*Problem description*
The expected output is each line below containing "path", copied in full.

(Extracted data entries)
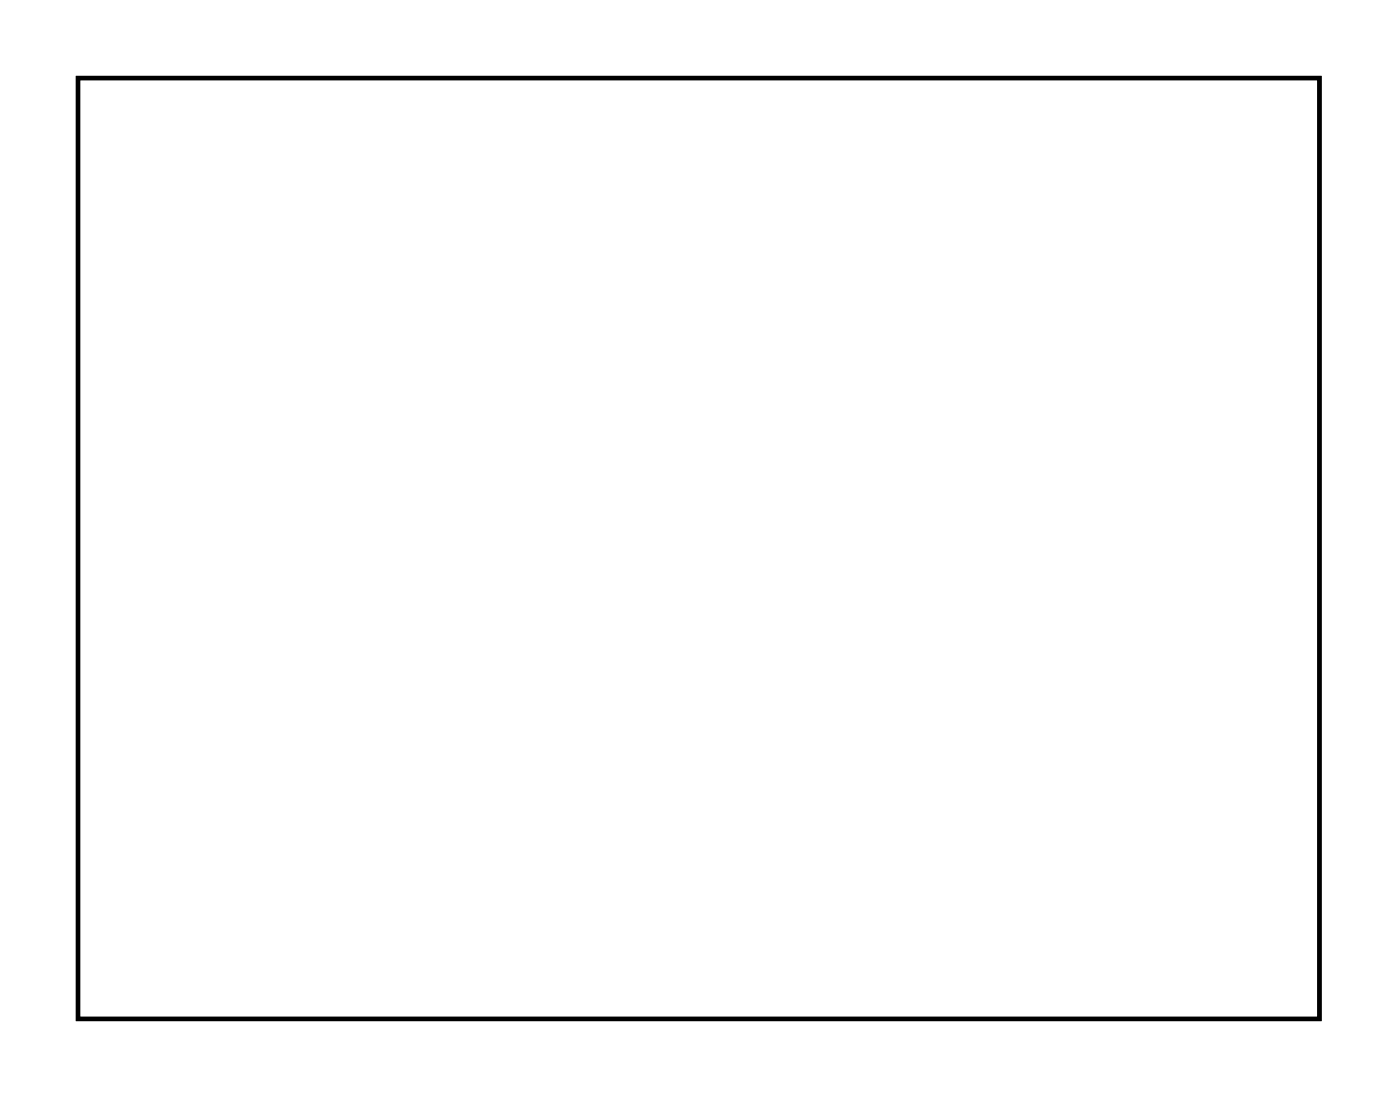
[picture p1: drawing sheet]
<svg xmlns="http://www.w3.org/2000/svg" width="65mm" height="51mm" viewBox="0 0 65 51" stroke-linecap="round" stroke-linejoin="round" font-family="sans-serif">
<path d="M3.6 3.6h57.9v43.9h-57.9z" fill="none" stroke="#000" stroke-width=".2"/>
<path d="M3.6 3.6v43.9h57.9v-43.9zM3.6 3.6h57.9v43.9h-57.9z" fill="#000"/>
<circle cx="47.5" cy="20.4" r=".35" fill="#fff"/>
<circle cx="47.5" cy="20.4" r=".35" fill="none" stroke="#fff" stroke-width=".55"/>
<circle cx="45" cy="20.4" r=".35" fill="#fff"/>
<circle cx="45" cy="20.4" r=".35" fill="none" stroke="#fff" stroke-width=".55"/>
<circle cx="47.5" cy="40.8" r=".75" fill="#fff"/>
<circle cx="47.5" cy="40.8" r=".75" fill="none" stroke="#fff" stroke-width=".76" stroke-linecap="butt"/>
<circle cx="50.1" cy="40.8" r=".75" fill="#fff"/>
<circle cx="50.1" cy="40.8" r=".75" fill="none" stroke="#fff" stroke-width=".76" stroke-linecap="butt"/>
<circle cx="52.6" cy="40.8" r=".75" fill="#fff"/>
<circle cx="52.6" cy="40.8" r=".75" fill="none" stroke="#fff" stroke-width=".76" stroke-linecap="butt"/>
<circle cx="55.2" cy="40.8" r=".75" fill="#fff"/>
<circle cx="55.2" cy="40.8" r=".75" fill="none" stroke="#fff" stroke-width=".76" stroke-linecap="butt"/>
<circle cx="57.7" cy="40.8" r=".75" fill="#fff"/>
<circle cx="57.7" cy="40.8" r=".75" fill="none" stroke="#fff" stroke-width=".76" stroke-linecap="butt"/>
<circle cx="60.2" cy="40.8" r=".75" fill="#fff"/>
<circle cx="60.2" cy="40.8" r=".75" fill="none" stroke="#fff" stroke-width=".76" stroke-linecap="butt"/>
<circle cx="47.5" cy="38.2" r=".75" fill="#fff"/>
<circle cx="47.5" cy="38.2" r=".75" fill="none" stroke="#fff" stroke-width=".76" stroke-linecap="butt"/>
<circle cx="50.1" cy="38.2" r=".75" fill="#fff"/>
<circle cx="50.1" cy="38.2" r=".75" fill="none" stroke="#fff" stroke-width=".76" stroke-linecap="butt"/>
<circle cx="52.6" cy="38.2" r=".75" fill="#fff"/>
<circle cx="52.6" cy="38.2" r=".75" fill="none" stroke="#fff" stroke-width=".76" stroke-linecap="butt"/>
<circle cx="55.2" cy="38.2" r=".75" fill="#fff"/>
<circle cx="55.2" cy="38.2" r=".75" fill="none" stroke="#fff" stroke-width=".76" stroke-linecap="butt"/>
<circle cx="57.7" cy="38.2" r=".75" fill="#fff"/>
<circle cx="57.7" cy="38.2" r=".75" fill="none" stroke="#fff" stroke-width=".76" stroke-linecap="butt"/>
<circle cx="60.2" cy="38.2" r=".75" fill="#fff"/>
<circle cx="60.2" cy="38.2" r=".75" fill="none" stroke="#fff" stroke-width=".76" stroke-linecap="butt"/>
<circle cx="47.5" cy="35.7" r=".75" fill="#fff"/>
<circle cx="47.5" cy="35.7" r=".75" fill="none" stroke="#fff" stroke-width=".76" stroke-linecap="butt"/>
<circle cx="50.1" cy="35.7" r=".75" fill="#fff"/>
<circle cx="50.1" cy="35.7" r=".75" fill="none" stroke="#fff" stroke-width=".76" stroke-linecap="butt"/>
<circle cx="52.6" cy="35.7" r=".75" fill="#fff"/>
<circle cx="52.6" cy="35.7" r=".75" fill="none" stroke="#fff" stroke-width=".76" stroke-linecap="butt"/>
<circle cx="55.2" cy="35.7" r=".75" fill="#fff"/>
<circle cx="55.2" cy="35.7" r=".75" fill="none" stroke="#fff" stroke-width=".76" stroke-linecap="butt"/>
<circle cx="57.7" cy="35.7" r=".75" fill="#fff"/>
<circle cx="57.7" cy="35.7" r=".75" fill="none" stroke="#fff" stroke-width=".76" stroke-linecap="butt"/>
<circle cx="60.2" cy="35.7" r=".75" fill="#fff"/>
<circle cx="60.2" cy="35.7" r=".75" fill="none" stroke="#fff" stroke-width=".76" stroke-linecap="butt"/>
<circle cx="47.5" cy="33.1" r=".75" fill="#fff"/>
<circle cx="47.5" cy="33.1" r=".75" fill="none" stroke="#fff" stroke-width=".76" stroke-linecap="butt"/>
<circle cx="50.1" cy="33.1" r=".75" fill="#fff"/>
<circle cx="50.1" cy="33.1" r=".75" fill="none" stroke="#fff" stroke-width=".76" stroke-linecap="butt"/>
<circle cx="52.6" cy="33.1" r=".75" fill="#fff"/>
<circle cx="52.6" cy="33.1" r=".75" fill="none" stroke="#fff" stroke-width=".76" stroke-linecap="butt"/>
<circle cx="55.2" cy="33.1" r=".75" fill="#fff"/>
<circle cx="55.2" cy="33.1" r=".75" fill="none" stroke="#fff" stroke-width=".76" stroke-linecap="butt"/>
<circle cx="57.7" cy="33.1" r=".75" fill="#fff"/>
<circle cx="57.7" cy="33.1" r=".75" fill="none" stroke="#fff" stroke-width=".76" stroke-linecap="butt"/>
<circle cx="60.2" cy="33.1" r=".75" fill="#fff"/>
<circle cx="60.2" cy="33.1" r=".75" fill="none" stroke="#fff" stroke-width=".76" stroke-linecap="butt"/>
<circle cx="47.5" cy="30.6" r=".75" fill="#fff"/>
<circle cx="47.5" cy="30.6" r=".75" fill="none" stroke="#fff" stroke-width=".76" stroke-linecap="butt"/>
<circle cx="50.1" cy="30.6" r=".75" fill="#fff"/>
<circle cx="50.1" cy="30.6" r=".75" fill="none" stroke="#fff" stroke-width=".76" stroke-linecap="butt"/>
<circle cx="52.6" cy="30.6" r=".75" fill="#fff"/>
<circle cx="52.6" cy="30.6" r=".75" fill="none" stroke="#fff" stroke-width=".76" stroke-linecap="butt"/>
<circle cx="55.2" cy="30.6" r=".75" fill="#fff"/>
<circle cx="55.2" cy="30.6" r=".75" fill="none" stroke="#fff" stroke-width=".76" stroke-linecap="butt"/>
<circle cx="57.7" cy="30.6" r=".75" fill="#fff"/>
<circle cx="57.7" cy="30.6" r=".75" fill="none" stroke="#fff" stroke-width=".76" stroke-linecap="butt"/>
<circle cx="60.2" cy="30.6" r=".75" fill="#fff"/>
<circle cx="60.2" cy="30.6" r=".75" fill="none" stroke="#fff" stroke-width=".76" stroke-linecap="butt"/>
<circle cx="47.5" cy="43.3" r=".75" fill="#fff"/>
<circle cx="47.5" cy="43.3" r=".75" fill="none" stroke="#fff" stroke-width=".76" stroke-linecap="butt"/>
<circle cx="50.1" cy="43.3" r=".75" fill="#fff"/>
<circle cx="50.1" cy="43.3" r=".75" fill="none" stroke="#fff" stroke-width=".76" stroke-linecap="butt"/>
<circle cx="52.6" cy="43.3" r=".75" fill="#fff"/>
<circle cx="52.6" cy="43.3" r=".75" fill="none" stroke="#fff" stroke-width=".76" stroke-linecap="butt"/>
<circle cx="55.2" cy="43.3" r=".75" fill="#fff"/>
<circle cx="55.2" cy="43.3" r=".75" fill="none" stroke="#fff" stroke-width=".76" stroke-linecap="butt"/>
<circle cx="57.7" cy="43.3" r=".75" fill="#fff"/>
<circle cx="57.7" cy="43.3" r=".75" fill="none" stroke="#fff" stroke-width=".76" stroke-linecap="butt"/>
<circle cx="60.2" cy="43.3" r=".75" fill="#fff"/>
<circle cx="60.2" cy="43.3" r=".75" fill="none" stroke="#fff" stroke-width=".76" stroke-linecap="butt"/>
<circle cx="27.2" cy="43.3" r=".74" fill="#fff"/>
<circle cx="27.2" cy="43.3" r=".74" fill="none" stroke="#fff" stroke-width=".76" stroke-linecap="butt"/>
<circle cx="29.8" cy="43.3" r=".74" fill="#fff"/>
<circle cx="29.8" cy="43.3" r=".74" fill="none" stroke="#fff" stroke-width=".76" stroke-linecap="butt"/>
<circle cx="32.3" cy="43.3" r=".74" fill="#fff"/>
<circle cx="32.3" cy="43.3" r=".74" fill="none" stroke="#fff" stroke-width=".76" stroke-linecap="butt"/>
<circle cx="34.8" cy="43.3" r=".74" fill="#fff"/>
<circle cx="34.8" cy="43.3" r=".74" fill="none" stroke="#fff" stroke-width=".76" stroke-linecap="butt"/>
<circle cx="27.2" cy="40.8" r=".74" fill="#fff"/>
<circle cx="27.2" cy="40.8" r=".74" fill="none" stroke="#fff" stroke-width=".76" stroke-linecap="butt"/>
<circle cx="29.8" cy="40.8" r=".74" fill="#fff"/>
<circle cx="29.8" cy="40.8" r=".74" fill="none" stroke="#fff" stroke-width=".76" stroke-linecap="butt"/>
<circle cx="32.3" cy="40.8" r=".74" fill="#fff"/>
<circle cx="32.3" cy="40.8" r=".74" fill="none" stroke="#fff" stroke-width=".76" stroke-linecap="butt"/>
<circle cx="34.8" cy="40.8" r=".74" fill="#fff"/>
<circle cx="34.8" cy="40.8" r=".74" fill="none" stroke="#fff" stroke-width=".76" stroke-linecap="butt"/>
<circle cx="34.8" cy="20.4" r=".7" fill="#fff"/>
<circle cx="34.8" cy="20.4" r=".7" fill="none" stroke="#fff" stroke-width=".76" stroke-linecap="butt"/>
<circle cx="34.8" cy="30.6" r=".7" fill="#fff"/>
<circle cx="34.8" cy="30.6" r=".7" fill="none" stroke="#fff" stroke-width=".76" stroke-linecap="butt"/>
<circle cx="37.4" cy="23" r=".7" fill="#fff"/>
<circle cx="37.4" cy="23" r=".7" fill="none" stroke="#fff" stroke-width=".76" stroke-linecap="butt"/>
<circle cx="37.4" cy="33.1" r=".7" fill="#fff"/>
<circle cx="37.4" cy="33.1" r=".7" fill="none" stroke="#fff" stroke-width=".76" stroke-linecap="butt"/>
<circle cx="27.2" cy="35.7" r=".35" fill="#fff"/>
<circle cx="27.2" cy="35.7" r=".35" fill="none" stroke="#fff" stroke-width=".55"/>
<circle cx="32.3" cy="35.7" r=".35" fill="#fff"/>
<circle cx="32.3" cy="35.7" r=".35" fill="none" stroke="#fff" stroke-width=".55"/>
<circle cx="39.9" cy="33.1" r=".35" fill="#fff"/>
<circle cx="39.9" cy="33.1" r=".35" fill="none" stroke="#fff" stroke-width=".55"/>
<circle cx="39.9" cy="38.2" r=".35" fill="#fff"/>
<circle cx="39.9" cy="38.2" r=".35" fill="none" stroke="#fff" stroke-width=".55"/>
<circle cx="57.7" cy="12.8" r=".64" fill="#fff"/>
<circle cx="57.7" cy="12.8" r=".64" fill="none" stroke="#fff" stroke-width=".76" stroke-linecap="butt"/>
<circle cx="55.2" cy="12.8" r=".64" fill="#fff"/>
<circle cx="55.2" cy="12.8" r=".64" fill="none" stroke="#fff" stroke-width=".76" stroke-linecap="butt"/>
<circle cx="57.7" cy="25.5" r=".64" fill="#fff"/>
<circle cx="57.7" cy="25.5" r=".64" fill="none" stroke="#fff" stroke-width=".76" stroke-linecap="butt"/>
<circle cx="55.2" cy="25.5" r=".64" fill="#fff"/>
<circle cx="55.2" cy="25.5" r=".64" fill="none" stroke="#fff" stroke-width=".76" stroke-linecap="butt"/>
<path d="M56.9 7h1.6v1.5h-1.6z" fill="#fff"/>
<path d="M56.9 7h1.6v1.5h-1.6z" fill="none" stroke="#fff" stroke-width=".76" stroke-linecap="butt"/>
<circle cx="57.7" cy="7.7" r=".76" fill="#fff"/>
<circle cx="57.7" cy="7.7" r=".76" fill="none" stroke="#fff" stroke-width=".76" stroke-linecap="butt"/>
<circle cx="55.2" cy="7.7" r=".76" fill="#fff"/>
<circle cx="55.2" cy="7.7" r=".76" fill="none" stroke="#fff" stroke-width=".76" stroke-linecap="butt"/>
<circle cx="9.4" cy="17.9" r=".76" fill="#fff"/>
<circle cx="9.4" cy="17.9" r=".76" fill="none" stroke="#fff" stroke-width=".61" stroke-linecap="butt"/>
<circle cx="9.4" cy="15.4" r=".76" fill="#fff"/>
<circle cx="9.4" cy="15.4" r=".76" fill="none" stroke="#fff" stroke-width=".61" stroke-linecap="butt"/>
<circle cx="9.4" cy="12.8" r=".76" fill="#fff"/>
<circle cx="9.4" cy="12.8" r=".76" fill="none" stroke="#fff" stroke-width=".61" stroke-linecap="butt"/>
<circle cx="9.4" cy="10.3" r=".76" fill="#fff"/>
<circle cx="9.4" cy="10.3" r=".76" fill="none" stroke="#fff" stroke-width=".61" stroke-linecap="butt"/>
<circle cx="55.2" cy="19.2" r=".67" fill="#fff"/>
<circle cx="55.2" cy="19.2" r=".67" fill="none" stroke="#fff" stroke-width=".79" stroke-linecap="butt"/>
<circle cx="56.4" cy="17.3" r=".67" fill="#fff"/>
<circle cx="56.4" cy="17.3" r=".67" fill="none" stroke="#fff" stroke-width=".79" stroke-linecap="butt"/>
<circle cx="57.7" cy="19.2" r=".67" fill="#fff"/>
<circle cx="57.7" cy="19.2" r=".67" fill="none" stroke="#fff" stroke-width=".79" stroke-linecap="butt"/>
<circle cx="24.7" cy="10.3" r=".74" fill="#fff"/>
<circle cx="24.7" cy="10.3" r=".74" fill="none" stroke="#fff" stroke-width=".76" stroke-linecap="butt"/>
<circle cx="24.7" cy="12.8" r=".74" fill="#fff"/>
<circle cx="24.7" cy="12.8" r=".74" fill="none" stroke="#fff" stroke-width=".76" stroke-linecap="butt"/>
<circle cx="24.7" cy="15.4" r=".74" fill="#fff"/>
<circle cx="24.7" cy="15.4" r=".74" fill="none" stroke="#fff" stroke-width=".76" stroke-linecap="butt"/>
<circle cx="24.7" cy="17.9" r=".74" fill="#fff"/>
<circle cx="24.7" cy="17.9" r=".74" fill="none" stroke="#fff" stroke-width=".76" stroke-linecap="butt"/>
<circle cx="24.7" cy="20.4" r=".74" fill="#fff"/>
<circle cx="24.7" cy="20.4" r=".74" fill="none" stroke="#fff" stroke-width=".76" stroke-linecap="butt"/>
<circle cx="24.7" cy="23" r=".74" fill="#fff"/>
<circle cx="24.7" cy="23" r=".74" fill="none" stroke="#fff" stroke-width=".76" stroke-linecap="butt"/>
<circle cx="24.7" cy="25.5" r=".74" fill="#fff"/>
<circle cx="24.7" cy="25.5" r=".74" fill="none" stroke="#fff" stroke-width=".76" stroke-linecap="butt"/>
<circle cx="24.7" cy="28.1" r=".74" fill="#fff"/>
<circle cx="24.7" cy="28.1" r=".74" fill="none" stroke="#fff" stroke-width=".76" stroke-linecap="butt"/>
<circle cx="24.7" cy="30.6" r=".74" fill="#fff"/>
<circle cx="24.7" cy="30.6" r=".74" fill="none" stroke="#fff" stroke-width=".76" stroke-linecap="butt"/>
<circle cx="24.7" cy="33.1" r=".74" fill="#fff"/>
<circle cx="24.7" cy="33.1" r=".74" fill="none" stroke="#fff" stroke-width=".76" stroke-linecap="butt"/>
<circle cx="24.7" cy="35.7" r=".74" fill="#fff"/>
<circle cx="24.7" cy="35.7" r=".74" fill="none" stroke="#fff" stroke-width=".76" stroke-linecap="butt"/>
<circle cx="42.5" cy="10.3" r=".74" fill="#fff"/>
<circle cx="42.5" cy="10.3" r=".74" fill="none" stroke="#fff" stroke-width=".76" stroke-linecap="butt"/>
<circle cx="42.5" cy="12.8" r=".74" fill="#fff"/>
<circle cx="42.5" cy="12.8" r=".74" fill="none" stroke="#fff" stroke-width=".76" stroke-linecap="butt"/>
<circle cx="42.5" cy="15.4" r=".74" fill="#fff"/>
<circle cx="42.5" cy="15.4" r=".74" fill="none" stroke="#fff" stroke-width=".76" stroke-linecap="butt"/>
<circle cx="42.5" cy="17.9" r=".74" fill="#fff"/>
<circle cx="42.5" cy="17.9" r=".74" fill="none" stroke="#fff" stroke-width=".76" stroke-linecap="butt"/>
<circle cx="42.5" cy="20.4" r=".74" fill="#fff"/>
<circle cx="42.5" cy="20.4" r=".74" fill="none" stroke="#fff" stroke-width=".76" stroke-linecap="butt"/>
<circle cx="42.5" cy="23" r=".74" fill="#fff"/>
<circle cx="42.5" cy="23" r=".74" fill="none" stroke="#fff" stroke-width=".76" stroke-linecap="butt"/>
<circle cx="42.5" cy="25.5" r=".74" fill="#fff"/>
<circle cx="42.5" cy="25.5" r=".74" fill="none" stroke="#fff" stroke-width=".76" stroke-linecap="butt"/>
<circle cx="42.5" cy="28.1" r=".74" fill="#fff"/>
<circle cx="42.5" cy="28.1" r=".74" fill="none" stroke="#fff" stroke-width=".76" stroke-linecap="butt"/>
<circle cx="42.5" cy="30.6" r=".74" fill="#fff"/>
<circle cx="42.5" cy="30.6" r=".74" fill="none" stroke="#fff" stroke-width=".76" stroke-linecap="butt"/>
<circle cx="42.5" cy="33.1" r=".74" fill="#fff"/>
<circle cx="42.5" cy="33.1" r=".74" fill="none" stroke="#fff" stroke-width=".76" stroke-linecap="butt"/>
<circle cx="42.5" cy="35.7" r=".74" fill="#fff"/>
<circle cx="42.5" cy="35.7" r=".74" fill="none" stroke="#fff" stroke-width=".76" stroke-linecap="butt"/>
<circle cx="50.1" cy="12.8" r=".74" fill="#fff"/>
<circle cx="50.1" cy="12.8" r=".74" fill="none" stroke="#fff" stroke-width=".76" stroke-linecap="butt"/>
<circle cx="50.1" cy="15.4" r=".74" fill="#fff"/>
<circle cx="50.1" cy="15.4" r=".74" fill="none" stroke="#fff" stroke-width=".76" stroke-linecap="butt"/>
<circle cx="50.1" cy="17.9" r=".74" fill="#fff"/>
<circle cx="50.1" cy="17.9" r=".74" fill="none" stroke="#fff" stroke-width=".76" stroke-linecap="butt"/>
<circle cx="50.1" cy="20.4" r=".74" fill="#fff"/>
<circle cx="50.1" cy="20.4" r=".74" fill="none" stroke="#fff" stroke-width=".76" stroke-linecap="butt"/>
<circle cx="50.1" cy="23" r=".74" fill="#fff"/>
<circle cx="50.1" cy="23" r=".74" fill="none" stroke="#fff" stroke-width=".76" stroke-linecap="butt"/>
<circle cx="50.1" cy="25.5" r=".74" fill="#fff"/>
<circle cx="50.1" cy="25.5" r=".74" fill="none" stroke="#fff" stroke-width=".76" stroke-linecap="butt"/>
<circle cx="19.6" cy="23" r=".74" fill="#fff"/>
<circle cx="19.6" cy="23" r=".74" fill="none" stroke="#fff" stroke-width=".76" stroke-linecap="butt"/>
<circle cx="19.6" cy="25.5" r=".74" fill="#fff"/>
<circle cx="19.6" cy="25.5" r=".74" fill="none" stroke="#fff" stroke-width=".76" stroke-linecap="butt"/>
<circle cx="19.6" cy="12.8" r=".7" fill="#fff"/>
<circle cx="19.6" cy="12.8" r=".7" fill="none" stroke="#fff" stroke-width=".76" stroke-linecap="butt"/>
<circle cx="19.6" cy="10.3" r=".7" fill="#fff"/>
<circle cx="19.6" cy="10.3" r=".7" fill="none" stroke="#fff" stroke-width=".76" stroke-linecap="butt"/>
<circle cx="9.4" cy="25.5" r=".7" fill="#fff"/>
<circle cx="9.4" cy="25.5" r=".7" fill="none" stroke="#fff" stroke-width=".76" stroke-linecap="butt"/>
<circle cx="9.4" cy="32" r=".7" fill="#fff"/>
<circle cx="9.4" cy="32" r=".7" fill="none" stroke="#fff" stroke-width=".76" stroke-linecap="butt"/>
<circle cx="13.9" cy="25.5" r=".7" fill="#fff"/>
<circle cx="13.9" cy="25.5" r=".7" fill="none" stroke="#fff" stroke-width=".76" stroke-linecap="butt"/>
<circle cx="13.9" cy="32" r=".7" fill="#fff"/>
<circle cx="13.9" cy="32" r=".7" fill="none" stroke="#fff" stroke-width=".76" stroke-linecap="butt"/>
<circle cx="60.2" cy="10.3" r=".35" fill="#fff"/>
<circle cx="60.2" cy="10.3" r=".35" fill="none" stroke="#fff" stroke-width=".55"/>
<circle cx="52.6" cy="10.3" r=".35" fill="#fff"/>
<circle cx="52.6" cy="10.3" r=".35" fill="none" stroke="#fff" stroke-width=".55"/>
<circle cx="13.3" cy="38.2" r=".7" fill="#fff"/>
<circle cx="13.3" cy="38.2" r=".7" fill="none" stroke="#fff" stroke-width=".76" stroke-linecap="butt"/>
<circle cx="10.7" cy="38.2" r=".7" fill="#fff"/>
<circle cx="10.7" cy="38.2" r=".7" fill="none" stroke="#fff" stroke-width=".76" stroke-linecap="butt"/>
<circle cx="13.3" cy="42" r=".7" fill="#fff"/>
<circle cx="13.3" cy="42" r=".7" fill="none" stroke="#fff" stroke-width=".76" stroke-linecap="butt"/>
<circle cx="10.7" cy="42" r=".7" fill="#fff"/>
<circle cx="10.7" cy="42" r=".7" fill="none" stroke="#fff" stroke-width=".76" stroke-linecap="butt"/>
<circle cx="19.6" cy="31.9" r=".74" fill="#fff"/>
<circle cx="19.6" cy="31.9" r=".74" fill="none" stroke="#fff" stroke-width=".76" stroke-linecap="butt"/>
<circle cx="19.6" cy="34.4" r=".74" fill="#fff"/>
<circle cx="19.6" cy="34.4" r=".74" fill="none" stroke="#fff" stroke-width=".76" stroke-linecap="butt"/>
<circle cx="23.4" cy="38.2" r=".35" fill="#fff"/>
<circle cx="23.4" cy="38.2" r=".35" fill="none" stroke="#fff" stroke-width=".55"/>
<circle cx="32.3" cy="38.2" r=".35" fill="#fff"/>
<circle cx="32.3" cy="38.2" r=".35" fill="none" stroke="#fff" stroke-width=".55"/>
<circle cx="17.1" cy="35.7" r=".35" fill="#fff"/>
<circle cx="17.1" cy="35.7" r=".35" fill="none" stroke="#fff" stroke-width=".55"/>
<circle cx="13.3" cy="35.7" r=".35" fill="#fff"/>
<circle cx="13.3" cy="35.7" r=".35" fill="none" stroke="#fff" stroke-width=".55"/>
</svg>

*Answer*
<path d="M3.6 3.6h57.9v43.9h-57.9z" fill="none" stroke="#000" stroke-width=".2"/>
<path d="M3.6 3.6v43.9h57.9v-43.9zM3.6 3.6h57.9v43.9h-57.9z" fill="#000"/>
<path d="M56.9 7h1.6v1.5h-1.6z" fill="#fff"/>
<path d="M56.9 7h1.6v1.5h-1.6z" fill="none" stroke="#fff" stroke-width=".76" stroke-linecap="butt"/>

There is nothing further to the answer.